Source data Start Marker

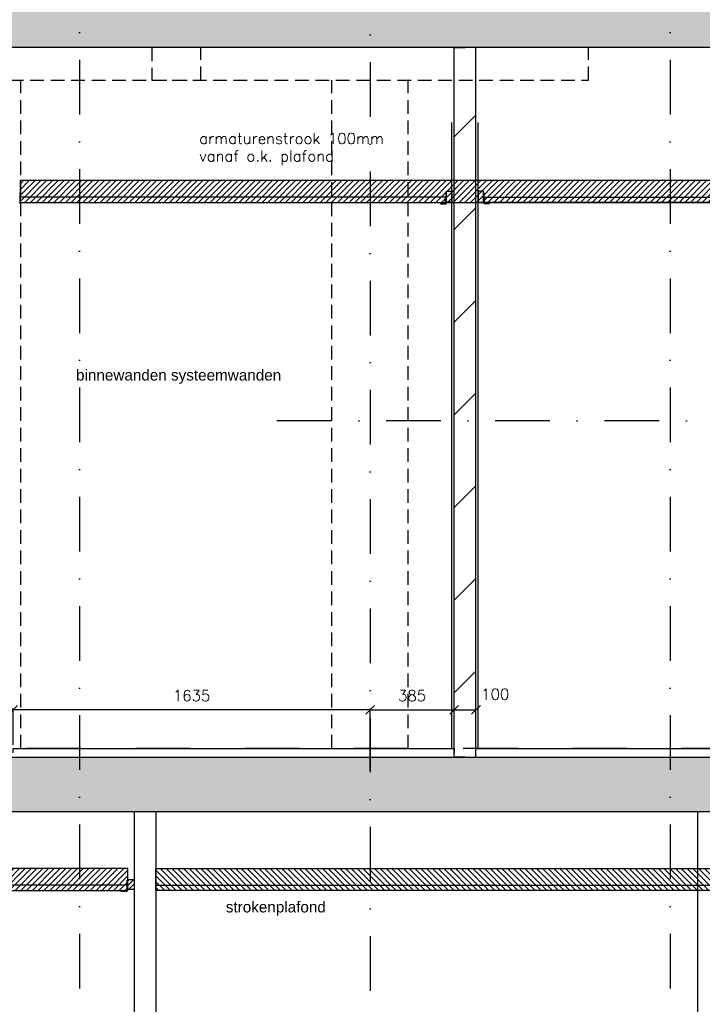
# Model space of a CAD drawing. Extents: x 0 to 259347, y 0 to 198427.
# Tile 28 of 54: x 121466 to 124592, y 94625 to 99133. Entities that reach past the tile are written whole.
import ezdxf

# ---------------------------------------------------------------- set-up
doc = ezdxf.new("R2010")
doc.units = 0
doc.header["$LTSCALE"] = 20
doc.header["$MEASUREMENT"] = 0
doc.header["$PDSIZE"] = -1
for name, pattern in [('DASHDOT', [25, 12.5, -6.25, 0, -6.25]), ('DD1', [2.66667, 1.66667, -0.5, 0, -0.5]), ('HIDDEN2', [4.6875, 3.125, -1.5625])]:
    doc.linetypes.add(name, pattern=pattern)
doc.layers.get('0').update_dxf_attribs({"linetype": 'CONTINUOUS'})
doc.layers.get('DEFPOINTS').update_dxf_attribs({"linetype": 'CONTINUOUS'})
for name, color, linetype in [('A--01A1_ACEER', 1, 'CONTINUOUS'), ('A--A22--_F123-', 9, 'CONTINUOUS'), ('A--A23--_F--3-', 9, 'CONTINUOUS'), ('A--A25--_F--3-', 9, 'CONTINUOUS'), ('A--L21--_F-23-', 4, 'CONTINUOUS'), ('A--L21D3_BUITENWAND', 3, 'CONTINUOUS'), ('A--L22--', 3, 'CONTINUOUS'), ('A--L22--_F--3-', 7, 'CONTINUOUS'), ('A--L22D2_BINNENWAND', 2, 'CONTINUOUS'), ('A--L23--', 7, 'CONTINUOUS'), ('A--L23--_F--3-', 7, 'CONTINUOUS'), ('A--L25--', 7, 'CONTINUOUS'), ('A--L25--_F-23-', 7, 'CONTINUOUS'), ('A--L28DC1_KONSTRUKTIES', 1, 'HIDDEN2'), ('A--L35-D2-_PLAFONDS', 2, 'CONTINUOUS'), ('A--L35-D4-_PLAFONDS', 4, 'CONTINUOUS'), ('A--L35D1_PLAFONDS', 1, 'CONTINUOUS'), ('A--M$1A-_F123-', 1, 'CONTINUOUS'), ('A--T$1A-_F123_20', 1, 'CONTINUOUS'), ('STRAMIEN', 8, 'DD1'), ('X--LR---_CP', 7, 'CONTINUOUS')]:
    doc.layers.add(name, color=color, linetype=linetype)
doc.styles.add('ALFA-0_25', font='ROMANS')
doc.styles.add('EB2', font='ARIAL.TTF')
doc.styles.add('HIEMSTRA', font='romans.shx')
doc.dimstyles.get("Standard").update_dxf_attribs({"dimscale": 40, "dimtxt": 2.5, "dimasz": 2, "dimexe": 0.3, "dimexo": 0.3, "dimgap": 2, "dimtad": 1, "dimdec": 0, "dimzin": 0, "dimdsep": 46, "dimtxsty": 'HIEMSTRA', "dimblk1": 'OBLIQUE', "dimblk2": 'OBLIQUE', "dimsah": 1, "dimcen": 0.09, "dimdle": 0.3, "dimclrd": 1, "dimclre": 1, "dimclrt": 3, "dimadec": 0, "dimazin": 0, "dimtfac": 1, "dimtdec": 4, "dimtix": 1, "dimtmove": 2, "dimatfit": 3, "dimldrblk": 'OBLIQUE', "dimfxl": 0, "dimtvp": 625, "dimtolj": 1, "dimtzin": 0, "dimarcsym": 0})
doc.dimstyles.new('STANDARD$0', dxfattribs={"dimscale": 50, "dimtxt": 2.5, "dimasz": 2, "dimexe": 2, "dimexo": 0, "dimgap": 2, "dimtad": 1, "dimdec": 0, "dimzin": 0, "dimdsep": 46, "dimtxsty": 'ALFA-0_25', "dimblk1": 'OBLIQUE', "dimblk2": 'OBLIQUE', "dimsah": 1, "dimcen": -3, "dimdle": 2, "dimclrd": 1, "dimclre": 1, "dimclrt": 2, "dimadec": 0, "dimazin": 0, "dimtfac": 0.666667, "dimtofl": 0, "dimtmove": 2, "dimatfit": 3, "dimldrblk": 'OBLIQUE', "dimfxl": 0, "dimtvp": 0.833333, "dimtolj": 1, "dimtzin": 0, "dimarcsym": 0})

# ---------------------------------------------------------------- blocks, each defined once
blk = doc.blocks.new('Q020259-')
at = {"layer": 'A--A25--_F--3-'}
h = blk.add_hatch(dxfattribs=at)
h.set_pattern_fill('ALFALINE', color=256, scale=15, style=0, pattern_type=2)
h.set_pattern_definition([(45, (0, 0), (-10.6066, 10.6066), [])])
h.paths.add_polyline_path([(0, 0), (0, 46), (28, 46), (28, 0)])
at = {"layer": 'A--L25--_F-23-', "color": 2, "linetype": 'Continuous'}
blk.add_lwpolyline([(0, 0), (0, 46), (28, 46), (28, 0)], close=True, dxfattribs=at)
at = {"layer": 'X--LR---_CP'}
for p in [(0, 0), (0, 0), (28, 0)]:
    blk.add_point(p, dxfattribs=at)
blk = doc.blocks.new('_OBLIQUE')
at = {"color": 0, "linetype": 'ByBlock'}
blk.add_line((-0.5, -0.5), (0.5, 0.5), dxfattribs=at)
blk = doc.blocks.new('*D196')
at = {"layer": 'A--M$1A-_F123-', "color": 1, "lineweight": -2}
for p, q in [((121435.4, 95813.5), (121435.4, 95978.9)), ((123070.4, 95696.2), (123070.4, 95978.9)), ((123076.4, 95972.9), (121429.4, 95972.9))]:
    blk.add_line(p, q, dxfattribs=at)
at = {"layer": 'DEFPOINTS', "color": 0}
for p in [(121435.4, 95972.9), (121435.4, 95807.5), (123070.4, 95690.2)]:
    blk.add_point(p, dxfattribs=at)
at = {"layer": 'A--M$1A-_F123-', "color": 1, "lineweight": -2, "xscale": 40, "yscale": 40, "zscale": 40, "rotation": 180}
blk.add_blockref('_OBLIQUE', (121435.4, 95972.9), dxfattribs=at)
at = {"layer": 'A--M$1A-_F123-', "color": 1, "lineweight": -2, "xscale": 40, "yscale": 40, "zscale": 40}
blk.add_blockref('_OBLIQUE', (123070.4, 95972.9), dxfattribs=at)
at = {"layer": 'A--M$1A-_F123-', "color": 2, "insert": (122252.9, 96037.9), "char_height": 50, "attachment_point": 5, "style": 'HIEMSTRA'}
blk.add_mtext('\\A1;1635', dxfattribs=at)
blk = doc.blocks.new('*U630')
at = {"layer": 'A--A22--_F123-', "linetype": 'Continuous'}
h = blk.add_hatch(dxfattribs=at)
h.set_pattern_fill('ALFALINE', color=256, scale=300, style=0)
h.set_pattern_definition([(45, (-123505.4, -95755.9), (-212.13203, 212.13203), [])])
h.paths.add_polyline_path([(0, 0), (-50, 0), (-50, 3250), (0, 3250), (50, 3250), (50, 0)])
at = {"layer": 'A--L22--_F--3-', "color": 4, "linetype": 'Continuous'}
for points in [[(0, 0), (-50, 0), (-50, 3250), (0, 3250)], [(0, 0), (50, 0), (50, 3250), (0, 3250)]]:
    blk.add_lwpolyline(points, dxfattribs=at)
blk = doc.blocks.new('*D193')
at = {"layer": 'A--M$1A-_F123-', "color": 1, "lineweight": -2}
for p, q in [((123070.4, 95957.8), (123070.4, 95972.9)), ((123070.4, 95972.9), (123455.4, 95972.9)), ((123455.4, 95957.8), (123455.4, 95972.9))]:
    blk.add_line(p, q, dxfattribs=at)
at = {"layer": 'DEFPOINTS', "color": 0}
for p in [(123070.4, 95957.8), (123455.4, 95972.9), (123455.4, 95957.8)]:
    blk.add_point(p, dxfattribs=at)
at = {"layer": 'A--M$1A-_F123-', "color": 1, "lineweight": -2, "xscale": 40, "yscale": 40, "zscale": 40, "rotation": 180}
blk.add_blockref('_OBLIQUE', (123070.4, 95972.9), dxfattribs=at)
at = {"layer": 'A--M$1A-_F123-', "color": 1, "lineweight": -2, "xscale": 40, "yscale": 40, "zscale": 40}
blk.add_blockref('_OBLIQUE', (123455.4, 95972.9), dxfattribs=at)
at = {"layer": 'A--M$1A-_F123-', "color": 2, "insert": (123262.9, 96037.9), "char_height": 50, "attachment_point": 5, "style": 'ALFA-0_25'}
blk.add_mtext('\\A1;385', dxfattribs=at)
blk = doc.blocks.new('*D195')
at = {"layer": 'A--M$1A-_F123-', "color": 1, "lineweight": -2}
blk.add_line((123455.4, 95972.9), (123555.4, 95972.9), dxfattribs=at)
at = {"layer": 'DEFPOINTS', "color": 0}
for p in [(123455.4, 95972.9), (123555.4, 95972.9), (123555.4, 95972.9)]:
    blk.add_point(p, dxfattribs=at)
at = {"layer": 'A--M$1A-_F123-', "color": 1, "lineweight": -2, "xscale": 40, "yscale": 40, "zscale": 40, "rotation": 180}
blk.add_blockref('_OBLIQUE', (123455.4, 95972.9), dxfattribs=at)
at = {"layer": 'A--M$1A-_F123-', "color": 1, "lineweight": -2, "xscale": 40, "yscale": 40, "zscale": 40}
blk.add_blockref('_OBLIQUE', (123555.4, 95972.9), dxfattribs=at)
at = {"layer": 'A--M$1A-_F123-', "color": 2, "insert": (123643.5, 96044.6), "char_height": 50, "attachment_point": 5, "style": 'ALFA-0_25'}
blk.add_mtext('\\A1;100', dxfattribs=at)
blk = doc.blocks.new('*U629')
at = {"layer": 'A--L23--_F--3-', "color": 2, "linetype": 'Continuous'}
blk.add_lwpolyline([(0, 0), (0, 20), (2020, 20), (2020, 0)], dxfattribs=at)
blk = doc.blocks.new('*U627')
at = {"layer": 'A--L23--_F--3-', "color": 2, "linetype": 'Continuous'}
blk.add_lwpolyline([(0, 0), (0, 20), (1494.75, 20), (1494.75, 0)], dxfattribs=at)

msp = doc.modelspace()

# ---------------------------------------------------------------- hatches: boundary and pattern name
at = {"layer": 'A--01A1_ACEER', "linetype": 'Continuous'}
h = msp.add_hatch(dxfattribs=at)
h.set_pattern_fill('ANSI31', color=256, scale=150, style=0)
h.set_pattern_definition([(45, (-37361.647, 3350), (-13.2582521, 13.2582521), [])])
h.paths.add_polyline_path([(121467.6, 98295.9), (126137.1, 98295.9), (126137.1, 98395.9), (121467.6, 98395.9)])
h = msp.add_hatch(dxfattribs=at)
h.set_pattern_fill('ANSI31', color=256, scale=150, style=0)
h.set_pattern_definition([(45, (-45016.646, 200), (-13.2582521, 13.2582521), [])])
h.paths.add_polyline_path([(113812.6, 95145.9), (121961.6, 95145.9), (121961.6, 95245.9), (113812.6, 95245.9)])
h = msp.add_hatch(dxfattribs=at)
h.set_pattern_fill('ANSI31', color=256, scale=150, style=0)
h.set_pattern_definition([(135, (289067.94, 200), (13.2582521, 13.2582521), [])])
h.paths.add_polyline_path([(126746.9, 95145.9), (122089.6, 95145.9), (122089.6, 95245.9), (126746.9, 95245.9)])
at = {"layer": 'A--A23--_F--3-'}
h = msp.add_hatch(dxfattribs=at)
h.set_pattern_fill('ALFABET', color=256, scale=20, angle=1, style=0, pattern_type=2)
h.set_pattern_definition([(134, (198283.08, 3500), (86.32078, 83.359), []), (129, (198283.08, 3500), (-143.64922, -10.04493), [15, -165]), (184, (198283.08, 3500), (30.37155, 149.9312), [12, -132]), (78.5486, (198271.1, 3499.16), (-113.27778, 139.88618), [12.74804, -140.22842]), (132.8158, (198283.78, 3540), (-213.99344, -29.37358), [22.5, -247.5]), (82.3644, (198265.94, 3537.55), (-183.50393, 198.05632), [19.12206, -210.3426]), (187.8158, (198283.78, 3540), (-183.50378, 198.05647), [18, -198]), (158, (198263.6, 3530.34), (-120.76856, -78.42802), [15, -165]), (213, (198263.6, 3530.34), (-46.12453, 145.8572), [12, -132]), (107.5486, (198253.54, 3523.81), (-166.89315, 67.42906), [12.74804, -140.22842]), (141.5, (198283.077, 3500), (-1.26964, 66.611074), [0, -130.4, 0, -134, 0, -132.5]), (171.5, (198283.08, 3500), (-51.229207, 79.788568), [0, -76.4, 0, -127.4, 0, -50.5]), (211.5, (198327.67, 3499.22), (-106.826954, -2.64699), [0, -50, 0, -156, 0, -207]), (221.5, (198347.67, 3498.87), (-116.270055, 22.05355), [0, -65, 0, -103.6, 0, -147]), (221.5, (198347.67, 3498.87), (-116.270055, 22.05355), [0, -65, 0, -103.6, 0, -147])])
h.paths.add_polyline_path([(126150.1, 99005.9), (115731.4, 99005.9), (115731.4, 99255.9), (126150.1, 99255.9)])
h = msp.add_hatch(dxfattribs=at)
h.set_pattern_fill('ALFABET', color=256, scale=20, angle=1, style=0, pattern_type=2)
h.set_pattern_definition([(134, (196208.02, 1e-11), (86.32078, 83.359), []), (129, (196208.02, 1e-11), (-143.64922, -10.04493), [15, -165]), (184, (196208.02, 1e-11), (30.37155, 149.9312), [12, -132]), (78.5486, (196196.05, -0.84), (-113.27778, 139.88618), [12.74804, -140.22842]), (132.8158, (196208.72, 40), (-213.99344, -29.37358), [22.5, -247.5]), (82.3644, (196190.9, 37.55), (-183.50393, 198.05632), [19.12206, -210.3426]), (187.8158, (196208.72, 40), (-183.50378, 198.05647), [18, -198]), (158, (196188.55, 30.34), (-120.76856, -78.42802), [15, -165]), (213, (196188.55, 30.34), (-46.12453, 145.8572), [12, -132]), (107.5486, (196178.49, 23.81), (-166.89315, 67.42906), [12.74804, -140.22842]), (141.5, (196208.025, 1e-11), (-1.26964, 66.611074), [0, -130.4, 0, -134, 0, -132.5]), (171.5, (196208.025, 1e-11), (-51.229207, 79.788568), [0, -76.4, 0, -127.4, 0, -50.5]), (211.5, (196252.62, -0.78), (-106.826954, -2.64699), [0, -50, 0, -156, 0, -207]), (221.5, (196272.61, -1.13), (-116.270055, 22.05355), [0, -65, 0, -103.6, 0, -147]), (221.5, (196272.61, -1.13), (-116.270055, 22.05355), [0, -65, 0, -103.6, 0, -147])])
h.paths.add_polyline_path([(126400.1, 95505.9), (113670.3, 95505.9), (113670.4, 95755.9), (126400.1, 95755.9)])

# ---------------------------------------------------------------- linework, layer by layer
at = {"layer": 'A--L21--_F-23-', "linetype": 'Continuous'}
for points in [[(126150.1, 99005.9), (115731.4, 99005.9), (115731.4, 99255.9), (126150.1, 99255.9)], [(126400.1, 95505.9), (113670.3, 95505.9), (113670.4, 95755.9), (126400.1, 95755.9)]]:
    msp.add_lwpolyline(points, close=True, dxfattribs=at)
at = {"layer": 'A--L21D3_BUITENWAND'}
for p, q in [((121989.6, 95505.9), (121989.6, 92445.9)), ((122089.6, 95505.9), (122089.6, 92445.9)), ((124570.4, 95505.9), (124570.4, 92445.9))]:
    msp.add_line(p, q, dxfattribs=at)
at = {"layer": 'A--L22D2_BINNENWAND'}
for p, q in [((123445.4, 95795.9), (123445.4, 98661.5)), ((123565.4, 95795.9), (123565.4, 98661.5))]:
    msp.add_line(p, q, dxfattribs=at)
at = {"layer": 'A--L28DC1_KONSTRUKTIES'}
for p, q in [((121470.4, 95795.9), (121470.4, 98855.9)), ((122895.4, 95795.9), (122895.4, 98855.9)), ((123245.4, 95795.9), (123245.4, 98855.9))]:
    msp.add_line(p, q, dxfattribs=at)
for points in [[(120295.4, 99005.9), (120295.4, 98855.9), (122295.4, 98855.9), (122295.4, 99005.9)], [(122070.4, 99005.9), (122070.4, 98855.9), (124070.4, 98855.9), (124070.4, 99005.9)]]:
    msp.add_lwpolyline(points, dxfattribs=at)
at = {"layer": 'A--L35-D2-_PLAFONDS'}
for points in [[(123445.4, 98297.3), (123420.4, 98297.3), (123420.4, 98347.3), (123445.4, 98347.3)], [(123565.4, 98297.3), (123590.4, 98297.3), (123590.4, 98347.3), (123565.4, 98347.3)], [(123415.7, 98320.9), (121467.6, 98320.9), (121467.6, 98295.9), (123415.7, 98295.9)], [(123595.1, 98320.9), (125007.9, 98320.9), (125007.9, 98295.9), (123595.1, 98295.9)]]:
    msp.add_lwpolyline(points, close=True, dxfattribs=at)
for points in [[(121957.4, 95170.9), (113812.6, 95170.9), (113812.6, 95145.9), (121957.4, 95145.9)], [(122093.9, 95170.9), (126746.9, 95170.9), (126746.9, 95145.9), (122093.9, 95145.9)]]:
    msp.add_lwpolyline(points, dxfattribs=at)
at = {"layer": 'A--L35-D4-_PLAFONDS'}
for p, q in [((121467.6, 98290.3), (121467.6, 98340.3)), ((123418.2, 98290.3), (123418.2, 98340.3)), ((123592.6, 98290.3), (123592.6, 98340.3)), ((123393.2, 98290.3), (123418.2, 98290.3)), ((123617.6, 98290.3), (123592.6, 98290.3)), ((121957.4, 95143.4), (121957.4, 95193.4)), ((121928.3, 95143.4), (121957.4, 95143.4))]:
    msp.add_line(p, q, dxfattribs=at)
at = {"layer": 'A--L35D1_PLAFONDS', "linetype": 'Continuous'}
for points in [[(121467.6, 98295.9), (126137.1, 98295.9), (126137.1, 98395.9), (121467.6, 98395.9)], [(113812.6, 95145.9), (121961.6, 95145.9), (121961.6, 95245.9), (113812.6, 95245.9)], [(126746.9, 95145.9), (122089.6, 95145.9), (122089.6, 95245.9), (126746.9, 95245.9)]]:
    msp.add_lwpolyline(points, close=True, dxfattribs=at)
at = {"layer": 'STRAMIEN', "linetype": 'DASHDOT'}
for p, q in [((121739.6, 109950.7), (121739.6, 90592.3)), ((123070.4, 109940), (123070.4, 90592.3)), ((124445.4, 109950.7), (124445.4, 90592.3)), ((145898.3, 97295.9), (122465.5, 97295.9)), ((145751.5, 95795.9), (108470.4, 95795.9))]:
    msp.add_line(p, q, dxfattribs=at)

# ---------------------------------------------------------------- block references
at = {"layer": 'A--L22--'}
msp.add_blockref('*U630', (123505.4, 95755.9), dxfattribs=at)
at = {"layer": 'A--L23--'}
for name, p in [('*U629', (121435.4, 95775.9)), ('*U627', (123555.4, 95775.9))]:
    msp.add_blockref(name, p, dxfattribs=at)
at = {"layer": 'A--L25--'}
msp.add_blockref('Q020259-', (121961.6, 95150.4), dxfattribs=at)

# ---------------------------------------------------------------- texts
at = {"layer": 'A--01A1_ACEER', "linetype": 'Continuous', "style": 'HIEMSTRA'}
for s, p in [('armaturenstrook 100mm ', (122287.7, 98564)), ('vanaf o.k. plafond', (122287.7, 98483.9))]:
    msp.add_text(s, height=50, dxfattribs=at).set_placement(p)
at = {"layer": 'A--T$1A-_F123_20', "style": 'EB2'}
for s, p in [('binnewanden systeemwanden', (121723.7, 97480.9)), ('strokenplafond', (122409.6, 95045.5))]:
    msp.add_text(s, height=50, dxfattribs=at).set_placement(p)

# ---------------------------------------------------------------- dimensions: what is measured, and where the dimension line sits
at = {"layer": 'A--M$1A-_F123-'}
for base, p1, p2, dimstyle, override, picture, middle in [((121435.4, 95972.9), (123070.4, 95690.2), (121435.4, 95807.5), 'Standard', {"dimscale": 20, "dimclrt": 2}, '*D196', (122252.9, 96037.9)), ((123455.4, 95972.9), (123070.4, 95957.8), (123455.4, 95957.8), 'STANDARD$0', {"dimscale": 20, "dimexe": 0, "dimexo": 0, "dimcen": 0, "dimdle": 0, "dimclrt": 2, "dimtfac": 0.75, "dimtvp": 1.5}, '*D193', (123262.9, 96037.9))]:
    dim = msp.add_linear_dim(base=base, p1=p1, p2=p2, dimstyle=dimstyle, override=override, dxfattribs=at)
    dim.commit()
    dim.dimension.update_dxf_attribs({"geometry": picture, "text_midpoint": middle})
dim = msp.add_linear_dim(base=(123555.4, 95972.9), p1=(123455.4, 95972.9), p2=(123555.4, 95972.9), dimstyle='STANDARD$0', override={"dimscale": 20, "dimexe": 0, "dimexo": 0, "dimcen": 0, "dimdle": 0, "dimclrt": 2, "dimtfac": 0.75, "dimtvp": 1.5}, dxfattribs=at)
dim.commit()
dim.dimension.update_dxf_attribs({"geometry": '*D195', "text_midpoint": (123643.5, 96044.6), "dimtype": 160})

doc.saveas('drawing.dxf')

Source data End Marker

The task »
Scan the lines above for the word "picture", then copy each line that has it.

Exercise answer »
for base, p1, p2, dimstyle, override, picture, middle in [((121435.4, 95972.9), (123070.4, 95690.2), (121435.4, 95807.5), 'Standard', {"dimscale": 20, "dimclrt": 2}, '*D196', (122252.9, 96037.9)), ((123455.4, 95972.9), (123070.4, 95957.8), (123455.4, 95957.8), 'STANDARD$0', {"dimscale": 20, "dimexe": 0, "dimexo": 0, "dimcen": 0, "dimdle": 0, "dimclrt": 2, "dimtfac": 0.75, "dimtvp": 1.5}, '*D193', (123262.9, 96037.9))]:
    dim.dimension.update_dxf_attribs({"geometry": picture, "text_midpoint": middle})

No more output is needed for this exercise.